▶ **What you are asked to do**:
Copy the listing in full and exactly, omitting its images.

▶ **Source data**:
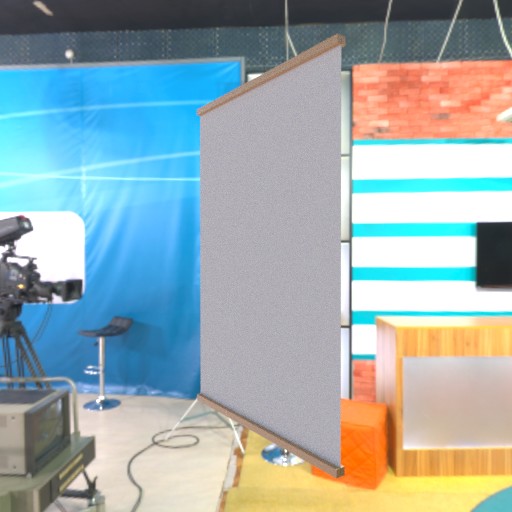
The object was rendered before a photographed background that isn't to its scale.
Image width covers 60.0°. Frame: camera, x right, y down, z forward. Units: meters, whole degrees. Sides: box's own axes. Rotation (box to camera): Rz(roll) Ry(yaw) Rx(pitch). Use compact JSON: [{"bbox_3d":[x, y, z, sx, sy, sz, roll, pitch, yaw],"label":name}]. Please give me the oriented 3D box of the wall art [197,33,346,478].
[{"bbox_3d":[0.000,0.000,0.776,0.016,0.611,0.401,0,1,-36],"label":"wall art"}]

▶ **Task output**:
The object was rendered before a photographed background that isn't to its scale.
Image width covers 60.0°. Frame: camera, x right, y down, z forward. Units: meters, whole degrees. Sides: box's own axes. Rotation (box to camera): Rz(roll) Ry(yaw) Rx(pitch). Use compact JSON: [{"bbox_3d":[x, y, z, sx, sy, sz, roll, pitch, yaw],"label":name}]. Please give me the oriented 3D box of the wall art [197,33,346,478].
[{"bbox_3d":[0.000,0.000,0.776,0.016,0.611,0.401,0,1,-36],"label":"wall art"}]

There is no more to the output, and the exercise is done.